Nobody understands the lengths I’ll go to. They never have, complacent in their boardrooms at their heavy old desks. They understand options theory perfectly well until it comes time to bet on themselves. At the end, they all chose the certainty of mortality because the curve there is dense.

It’s time. I’m bored of waiting. My body is strong. My mind is strong. My heart, the heart of a teenage Olympian, pumps hyperoxygenated blood to my limbs thirty-five times a minute. I can hear the waves crashing on the beach as I lift the weight above my head. My shoulders are trembling with the force I can channel through them. The sky is aflare, casting International Orange across the pavilion.

I run back along the sand; four miles home, so I’ll be done before dark.

I have no fantasies about the colony. The hardest work will be done by the time we arrive, but even in the best case it will take the rest of my life to make a home there. There will be challenges we can’t anticipate. Things will break down and I will use my strength to till the earth. I will plant trees whose shade I will never enjoy. I will not be Joshua, but I will be Moses.

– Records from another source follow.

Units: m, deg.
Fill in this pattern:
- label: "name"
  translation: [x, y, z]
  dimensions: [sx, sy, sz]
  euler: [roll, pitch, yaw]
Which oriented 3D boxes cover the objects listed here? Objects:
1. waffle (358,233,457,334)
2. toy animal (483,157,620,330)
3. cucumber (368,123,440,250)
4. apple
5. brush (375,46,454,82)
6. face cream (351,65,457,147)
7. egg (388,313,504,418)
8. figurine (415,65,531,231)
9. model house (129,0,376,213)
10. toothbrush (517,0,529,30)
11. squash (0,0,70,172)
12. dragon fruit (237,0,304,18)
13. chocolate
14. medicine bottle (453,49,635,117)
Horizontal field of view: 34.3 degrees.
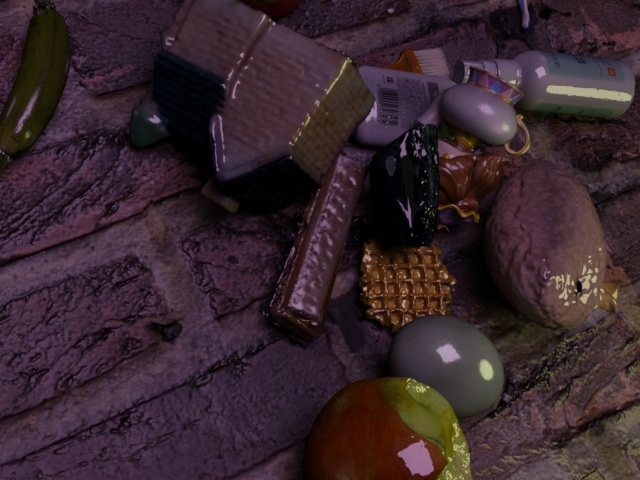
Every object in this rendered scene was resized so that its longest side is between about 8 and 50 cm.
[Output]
- label: "waffle"
  translation: [0.137, 0.068, 1.659]
  dimensions: [0.191, 0.038, 0.191]
  euler: [9, 64, -19]
- label: "toy animal"
  translation: [0.369, 0.009, 1.699]
  dimensions: [0.226, 0.188, 0.358]
  euler: [51, 36, -34]
- label: "cucumber"
  translation: [0.124, -0.083, 1.616]
  dimensions: [0.086, 0.115, 0.193]
  euler: [4, 83, -67]
- label: "apple"
  translation: [0.102, 0.299, 1.417]
  dimensions: [0.246, 0.246, 0.226]
  euler: [24, 52, -12]
- label: "brush"
  translation: [0.099, -0.288, 1.821]
  dimensions: [0.314, 0.017, 0.090]
  euler: [-12, 69, -27]
- label: "face cream"
  translation: [0.188, -0.221, 1.792]
  dimensions: [0.291, 0.071, 0.144]
  euler: [2, 76, -22]
- label: "egg"
  translation: [0.190, 0.190, 1.558]
  dimensions: [0.192, 0.149, 0.149]
  euler: [28, 57, -29]
- label: "figurine"
  translation: [0.230, -0.144, 1.694]
  dimensions: [0.189, 0.142, 0.263]
  euler: [29, 96, 23]
- label: "model house"
  translation: [-0.121, -0.193, 1.575]
  dimensions: [0.298, 0.243, 0.284]
  euler: [29, 82, 20]
- label: "toothbrush"
  translation: [0.381, -0.530, 2.051]
  dimensions: [0.027, 0.021, 0.269]
  euler: [0, 68, -18]
- label: "squash"
  translation: [-0.419, -0.234, 1.536]
  dimensions: [0.071, 0.080, 0.318]
  euler: [42, 49, -48]
- label: "dragon fruit"
  translation: [-0.109, -0.519, 1.731]
  dimensions: [0.290, 0.189, 0.290]
  euler: [9, 64, -19]
- label: "chocolate"
  translation: [0.006, 0.001, 1.603]
  dimensions: [0.102, 0.065, 0.329]
  euler: [37, 57, -32]
- label: "medicine bottle"
  translation: [0.404, -0.291, 1.898]
  dimensions: [0.352, 0.110, 0.110]
  euler: [2, 66, -23]
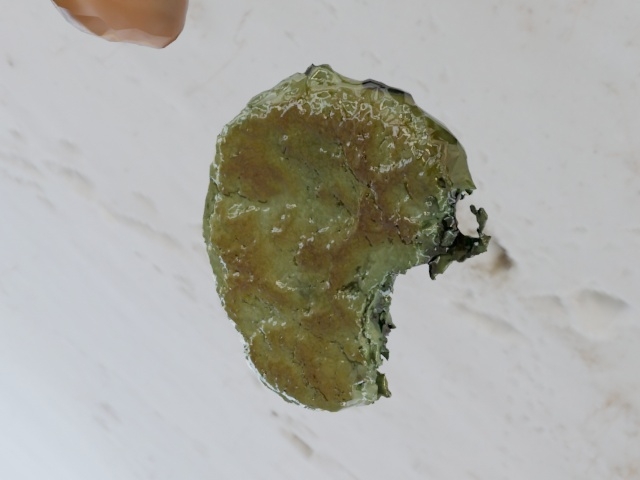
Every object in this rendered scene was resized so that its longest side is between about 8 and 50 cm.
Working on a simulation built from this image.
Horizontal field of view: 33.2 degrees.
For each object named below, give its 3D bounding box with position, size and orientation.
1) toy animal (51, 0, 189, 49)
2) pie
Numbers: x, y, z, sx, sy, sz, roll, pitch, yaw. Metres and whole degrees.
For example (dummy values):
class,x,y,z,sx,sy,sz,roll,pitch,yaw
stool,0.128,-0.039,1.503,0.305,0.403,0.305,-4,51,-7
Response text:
class,x,y,z,sx,sy,sz,roll,pitch,yaw
toy animal,0.006,-0.243,0.483,0.191,0.338,0.216,10,-130,-60
pie,0.000,0.000,1.061,0.296,0.078,0.371,41,128,20

Carolina is waiting. A cool breeze fills the room, but her eyes radiate warmth across the kitchen counter. The attendant, a slight, shrinking woman, places our glasses on the counter. We finish the sea-green, foamy glass in two gulps. I walk around the counter and hold Carolina’s hands in mine. I want this for eternity; I want to breathe in of her so deeply it expels an uncertain future from my solar plexus. But the world beyond won’t let me.

Another assistant tells us it’s time. We walk, hand in hand, into the living room, where the beds are already made up. The equipment is tucked underneath unobtrusively; just two tubes dangle from the head. I hold Carolina tight. We part, just for a moment. We’ll wake up together tomorrow. I lie back. My blood is strong; the nurses have no trouble placing the IVs in my arm.

The world closes over me. I pass backward through the bed and into sleep. When I wake, I will be a god.